If Mangano signed a statement, and made claims he knows to be false, he most likely committed a crime. If it was a hoax, the trickster may have violated the law. The best way to maintain public confidence in the administration and the police department is for the district attorney to take over this probe to determine whether there are any credible allegations.

Regardless of the outcome on the allegations of sexting, a resolution won’t answer the larger questions about how Nassau County is being run.

Caro got two contracts for public relations, one in 2013 and one in 2014, each for just under $25,000, barely skirting the need for legislative approval. Why has the county been so reliant on these deals? Why can’t the parks department plan its own events? And what are Caro’s “unique” qualifications that justified giving her the work without other bids? County officials say they needed someone with contacts in film, entertainment and marketing. It’s difficult to believe Caro rises to the level of “unique” in those areas.

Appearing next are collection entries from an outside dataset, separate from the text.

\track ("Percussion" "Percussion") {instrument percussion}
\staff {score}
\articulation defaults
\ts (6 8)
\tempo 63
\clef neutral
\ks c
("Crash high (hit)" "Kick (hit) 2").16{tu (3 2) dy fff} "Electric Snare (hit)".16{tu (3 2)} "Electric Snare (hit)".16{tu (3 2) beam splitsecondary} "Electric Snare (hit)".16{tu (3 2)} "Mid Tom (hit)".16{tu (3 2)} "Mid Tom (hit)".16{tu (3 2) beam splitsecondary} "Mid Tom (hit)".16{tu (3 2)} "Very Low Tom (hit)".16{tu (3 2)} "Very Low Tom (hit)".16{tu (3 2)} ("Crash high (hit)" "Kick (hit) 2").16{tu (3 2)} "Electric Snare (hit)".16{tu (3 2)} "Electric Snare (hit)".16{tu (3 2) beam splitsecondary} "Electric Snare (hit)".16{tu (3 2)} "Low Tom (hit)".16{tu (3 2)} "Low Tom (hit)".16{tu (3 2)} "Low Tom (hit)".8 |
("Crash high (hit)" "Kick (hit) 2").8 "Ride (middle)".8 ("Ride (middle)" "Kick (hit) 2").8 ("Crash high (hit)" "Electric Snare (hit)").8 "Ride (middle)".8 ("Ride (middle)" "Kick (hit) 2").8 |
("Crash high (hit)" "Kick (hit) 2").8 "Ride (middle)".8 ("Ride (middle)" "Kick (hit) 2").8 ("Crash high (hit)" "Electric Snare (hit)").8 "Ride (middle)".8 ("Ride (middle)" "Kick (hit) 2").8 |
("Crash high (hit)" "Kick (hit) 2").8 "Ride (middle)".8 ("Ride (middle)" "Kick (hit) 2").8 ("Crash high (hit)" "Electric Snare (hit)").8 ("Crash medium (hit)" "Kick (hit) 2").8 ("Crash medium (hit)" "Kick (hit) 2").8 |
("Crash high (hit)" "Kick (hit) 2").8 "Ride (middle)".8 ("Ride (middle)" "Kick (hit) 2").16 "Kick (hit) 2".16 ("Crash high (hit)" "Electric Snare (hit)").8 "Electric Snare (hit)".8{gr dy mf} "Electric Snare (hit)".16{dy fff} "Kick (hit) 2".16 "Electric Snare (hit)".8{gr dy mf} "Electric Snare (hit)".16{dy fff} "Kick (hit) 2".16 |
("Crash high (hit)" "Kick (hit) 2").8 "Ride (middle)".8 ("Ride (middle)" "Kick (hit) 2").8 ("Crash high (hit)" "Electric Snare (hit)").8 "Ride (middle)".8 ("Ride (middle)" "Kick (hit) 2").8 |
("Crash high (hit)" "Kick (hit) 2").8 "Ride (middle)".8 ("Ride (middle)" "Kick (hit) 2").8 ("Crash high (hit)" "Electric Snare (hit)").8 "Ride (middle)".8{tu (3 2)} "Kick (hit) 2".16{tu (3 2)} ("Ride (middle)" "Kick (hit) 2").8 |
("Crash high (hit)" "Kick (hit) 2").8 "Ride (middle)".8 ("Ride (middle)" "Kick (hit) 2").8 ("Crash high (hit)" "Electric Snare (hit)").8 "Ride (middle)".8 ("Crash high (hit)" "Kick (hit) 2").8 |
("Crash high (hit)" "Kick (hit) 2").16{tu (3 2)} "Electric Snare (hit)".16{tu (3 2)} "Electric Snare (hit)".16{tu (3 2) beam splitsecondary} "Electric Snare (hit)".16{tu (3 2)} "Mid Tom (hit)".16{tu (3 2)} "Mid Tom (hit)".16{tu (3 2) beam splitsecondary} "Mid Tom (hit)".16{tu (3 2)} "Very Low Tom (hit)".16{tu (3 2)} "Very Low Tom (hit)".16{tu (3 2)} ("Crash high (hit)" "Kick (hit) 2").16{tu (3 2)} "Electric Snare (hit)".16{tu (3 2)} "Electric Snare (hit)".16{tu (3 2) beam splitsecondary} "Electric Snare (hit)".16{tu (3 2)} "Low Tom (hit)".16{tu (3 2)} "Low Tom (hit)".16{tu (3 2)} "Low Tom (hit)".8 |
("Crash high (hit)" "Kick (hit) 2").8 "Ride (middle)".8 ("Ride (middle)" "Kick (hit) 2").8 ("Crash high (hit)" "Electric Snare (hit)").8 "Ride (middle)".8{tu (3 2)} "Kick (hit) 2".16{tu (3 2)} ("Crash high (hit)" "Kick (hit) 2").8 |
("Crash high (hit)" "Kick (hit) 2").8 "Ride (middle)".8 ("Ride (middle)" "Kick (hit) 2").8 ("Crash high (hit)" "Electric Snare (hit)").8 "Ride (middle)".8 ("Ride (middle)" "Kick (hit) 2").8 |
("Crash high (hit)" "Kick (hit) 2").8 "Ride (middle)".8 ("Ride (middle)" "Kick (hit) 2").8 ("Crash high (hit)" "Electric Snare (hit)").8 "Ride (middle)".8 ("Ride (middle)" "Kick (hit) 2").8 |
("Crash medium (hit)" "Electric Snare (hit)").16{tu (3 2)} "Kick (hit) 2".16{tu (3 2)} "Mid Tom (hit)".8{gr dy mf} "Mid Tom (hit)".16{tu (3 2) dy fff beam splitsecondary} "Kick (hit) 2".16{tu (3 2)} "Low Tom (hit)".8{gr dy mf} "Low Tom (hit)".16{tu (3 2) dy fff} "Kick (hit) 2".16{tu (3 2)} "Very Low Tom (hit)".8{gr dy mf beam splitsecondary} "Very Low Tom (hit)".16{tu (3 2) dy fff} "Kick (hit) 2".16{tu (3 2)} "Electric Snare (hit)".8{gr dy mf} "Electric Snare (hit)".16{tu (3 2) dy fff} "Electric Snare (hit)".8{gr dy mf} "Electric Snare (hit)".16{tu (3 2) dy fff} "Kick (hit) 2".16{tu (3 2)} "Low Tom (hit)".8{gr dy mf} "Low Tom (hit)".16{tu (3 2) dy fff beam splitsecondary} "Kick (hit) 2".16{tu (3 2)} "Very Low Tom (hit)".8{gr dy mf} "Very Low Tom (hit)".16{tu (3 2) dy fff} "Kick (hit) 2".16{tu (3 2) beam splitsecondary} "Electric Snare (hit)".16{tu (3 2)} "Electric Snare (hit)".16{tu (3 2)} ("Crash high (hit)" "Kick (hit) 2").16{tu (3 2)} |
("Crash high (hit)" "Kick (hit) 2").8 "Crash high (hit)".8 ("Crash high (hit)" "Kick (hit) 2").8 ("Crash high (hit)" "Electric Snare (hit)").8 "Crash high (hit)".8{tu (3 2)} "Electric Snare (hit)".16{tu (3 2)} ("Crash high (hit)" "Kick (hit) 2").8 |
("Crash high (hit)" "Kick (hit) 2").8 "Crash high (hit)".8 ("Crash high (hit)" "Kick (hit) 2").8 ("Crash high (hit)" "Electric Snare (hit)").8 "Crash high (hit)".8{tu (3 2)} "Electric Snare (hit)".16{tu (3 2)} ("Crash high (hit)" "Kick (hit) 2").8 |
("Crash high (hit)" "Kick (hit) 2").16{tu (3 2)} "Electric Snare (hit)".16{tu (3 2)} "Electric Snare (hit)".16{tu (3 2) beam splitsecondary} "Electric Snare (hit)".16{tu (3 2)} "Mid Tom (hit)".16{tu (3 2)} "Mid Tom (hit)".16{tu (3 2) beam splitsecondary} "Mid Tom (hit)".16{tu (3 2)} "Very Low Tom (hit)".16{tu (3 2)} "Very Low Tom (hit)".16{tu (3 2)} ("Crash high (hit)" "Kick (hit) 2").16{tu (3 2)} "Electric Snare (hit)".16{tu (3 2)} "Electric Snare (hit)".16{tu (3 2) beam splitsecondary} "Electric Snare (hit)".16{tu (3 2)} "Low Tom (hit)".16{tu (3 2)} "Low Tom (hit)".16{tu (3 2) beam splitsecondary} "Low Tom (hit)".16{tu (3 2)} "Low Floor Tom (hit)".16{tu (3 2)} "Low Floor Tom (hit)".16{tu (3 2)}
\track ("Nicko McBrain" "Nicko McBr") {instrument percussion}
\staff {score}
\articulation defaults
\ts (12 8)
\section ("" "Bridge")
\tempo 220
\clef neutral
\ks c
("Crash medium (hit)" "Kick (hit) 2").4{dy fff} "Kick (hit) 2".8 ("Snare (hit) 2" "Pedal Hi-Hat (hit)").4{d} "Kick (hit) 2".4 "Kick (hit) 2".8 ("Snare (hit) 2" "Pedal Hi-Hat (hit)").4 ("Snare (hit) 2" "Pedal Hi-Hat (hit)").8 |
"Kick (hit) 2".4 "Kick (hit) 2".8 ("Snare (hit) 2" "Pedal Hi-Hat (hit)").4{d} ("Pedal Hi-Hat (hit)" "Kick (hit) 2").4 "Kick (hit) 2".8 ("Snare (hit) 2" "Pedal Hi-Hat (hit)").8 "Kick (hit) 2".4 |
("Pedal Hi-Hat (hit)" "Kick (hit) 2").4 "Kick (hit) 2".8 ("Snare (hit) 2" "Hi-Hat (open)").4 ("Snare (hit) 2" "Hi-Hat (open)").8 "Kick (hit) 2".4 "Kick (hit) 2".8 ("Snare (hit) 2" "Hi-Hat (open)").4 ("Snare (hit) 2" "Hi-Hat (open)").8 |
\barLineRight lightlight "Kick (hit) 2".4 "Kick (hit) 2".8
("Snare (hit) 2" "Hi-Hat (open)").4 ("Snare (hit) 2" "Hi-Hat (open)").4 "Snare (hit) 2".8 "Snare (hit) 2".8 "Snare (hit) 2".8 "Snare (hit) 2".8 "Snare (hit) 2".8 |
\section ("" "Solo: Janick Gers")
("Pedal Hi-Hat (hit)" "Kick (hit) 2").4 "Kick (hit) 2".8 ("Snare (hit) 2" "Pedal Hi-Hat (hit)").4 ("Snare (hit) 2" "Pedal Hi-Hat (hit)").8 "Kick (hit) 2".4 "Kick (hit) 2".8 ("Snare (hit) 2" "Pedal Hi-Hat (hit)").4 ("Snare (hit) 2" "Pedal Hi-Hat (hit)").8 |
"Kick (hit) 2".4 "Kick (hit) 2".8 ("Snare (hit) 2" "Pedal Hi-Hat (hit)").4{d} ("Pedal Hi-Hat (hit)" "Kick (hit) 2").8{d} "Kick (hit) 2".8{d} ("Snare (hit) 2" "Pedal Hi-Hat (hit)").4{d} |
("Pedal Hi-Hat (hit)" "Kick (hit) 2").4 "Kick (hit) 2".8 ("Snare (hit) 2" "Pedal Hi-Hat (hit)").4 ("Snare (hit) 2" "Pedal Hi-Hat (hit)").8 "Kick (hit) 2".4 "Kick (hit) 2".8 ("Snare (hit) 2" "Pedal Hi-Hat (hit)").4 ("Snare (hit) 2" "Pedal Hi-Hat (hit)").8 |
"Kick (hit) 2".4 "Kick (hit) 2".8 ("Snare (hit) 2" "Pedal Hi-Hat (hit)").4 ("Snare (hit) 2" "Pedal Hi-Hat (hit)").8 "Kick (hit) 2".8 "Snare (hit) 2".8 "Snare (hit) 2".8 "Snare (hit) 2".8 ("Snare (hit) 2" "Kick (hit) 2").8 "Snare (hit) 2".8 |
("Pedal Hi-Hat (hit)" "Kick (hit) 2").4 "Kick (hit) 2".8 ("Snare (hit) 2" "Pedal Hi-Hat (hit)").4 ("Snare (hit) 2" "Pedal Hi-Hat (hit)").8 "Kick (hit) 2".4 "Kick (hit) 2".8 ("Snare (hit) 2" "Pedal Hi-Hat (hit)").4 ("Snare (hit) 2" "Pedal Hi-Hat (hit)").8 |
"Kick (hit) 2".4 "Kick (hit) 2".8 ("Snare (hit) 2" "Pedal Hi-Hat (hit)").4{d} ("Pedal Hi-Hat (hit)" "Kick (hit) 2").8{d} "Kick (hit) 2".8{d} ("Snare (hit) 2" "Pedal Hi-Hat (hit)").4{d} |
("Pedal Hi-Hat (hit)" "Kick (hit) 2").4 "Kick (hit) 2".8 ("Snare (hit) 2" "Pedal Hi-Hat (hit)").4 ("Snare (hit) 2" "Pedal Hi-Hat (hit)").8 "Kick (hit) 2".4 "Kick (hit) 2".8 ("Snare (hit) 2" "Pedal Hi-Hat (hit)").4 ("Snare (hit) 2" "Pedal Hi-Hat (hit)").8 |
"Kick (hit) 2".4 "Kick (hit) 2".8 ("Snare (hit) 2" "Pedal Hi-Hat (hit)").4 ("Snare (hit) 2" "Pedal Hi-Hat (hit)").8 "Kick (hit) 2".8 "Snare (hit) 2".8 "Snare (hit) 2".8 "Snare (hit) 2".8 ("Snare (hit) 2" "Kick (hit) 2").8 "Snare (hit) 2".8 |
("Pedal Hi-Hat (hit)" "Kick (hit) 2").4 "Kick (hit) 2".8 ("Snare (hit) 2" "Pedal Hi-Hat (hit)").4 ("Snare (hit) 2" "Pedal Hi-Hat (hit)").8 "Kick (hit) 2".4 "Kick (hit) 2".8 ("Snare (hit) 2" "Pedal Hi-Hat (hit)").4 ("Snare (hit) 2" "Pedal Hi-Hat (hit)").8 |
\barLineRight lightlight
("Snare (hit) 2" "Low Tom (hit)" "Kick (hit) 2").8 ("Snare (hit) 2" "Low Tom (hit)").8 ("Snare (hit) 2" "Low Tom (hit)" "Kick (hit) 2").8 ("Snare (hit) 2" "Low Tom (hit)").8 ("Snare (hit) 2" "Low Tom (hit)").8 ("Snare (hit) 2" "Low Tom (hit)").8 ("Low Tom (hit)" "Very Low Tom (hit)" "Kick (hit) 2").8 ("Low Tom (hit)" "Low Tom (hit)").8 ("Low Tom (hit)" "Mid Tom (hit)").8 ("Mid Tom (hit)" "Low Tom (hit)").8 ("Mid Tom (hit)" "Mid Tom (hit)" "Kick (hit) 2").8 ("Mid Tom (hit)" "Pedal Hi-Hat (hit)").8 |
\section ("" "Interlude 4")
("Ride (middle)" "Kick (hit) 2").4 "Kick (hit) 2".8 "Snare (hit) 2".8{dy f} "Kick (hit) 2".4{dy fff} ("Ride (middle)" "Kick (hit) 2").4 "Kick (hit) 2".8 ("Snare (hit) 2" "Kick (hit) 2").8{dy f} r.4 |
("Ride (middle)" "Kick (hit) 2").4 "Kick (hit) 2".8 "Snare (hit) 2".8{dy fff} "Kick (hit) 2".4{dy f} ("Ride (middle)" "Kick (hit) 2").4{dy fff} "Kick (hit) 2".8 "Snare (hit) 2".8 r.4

Now Nassau County Comptroller George Maragos has revealed that the money from a 2013 county fundraiser promoted by Caro, intended to help veterans, went to a private group, Friends of Nassau County Recreation. The county’s records with that group were subpoenaed in October by the U.S. Attorney for the Eastern District. Many recreation department activities require payment to Friends, but the group’s agreement to operate on behalf of the county expired in 2012. Maragos said he could not determine whether money is missing, even after an audit of Friends, which spends a fortune on vague expenses like “talent” and, in 2013, almost $1 million for “other.” This is all starting to stink.

Taxpayers need to know whether Caro got almost $50,000 because of a personal relationship with the county executive. That is not something his administration can credibly answer.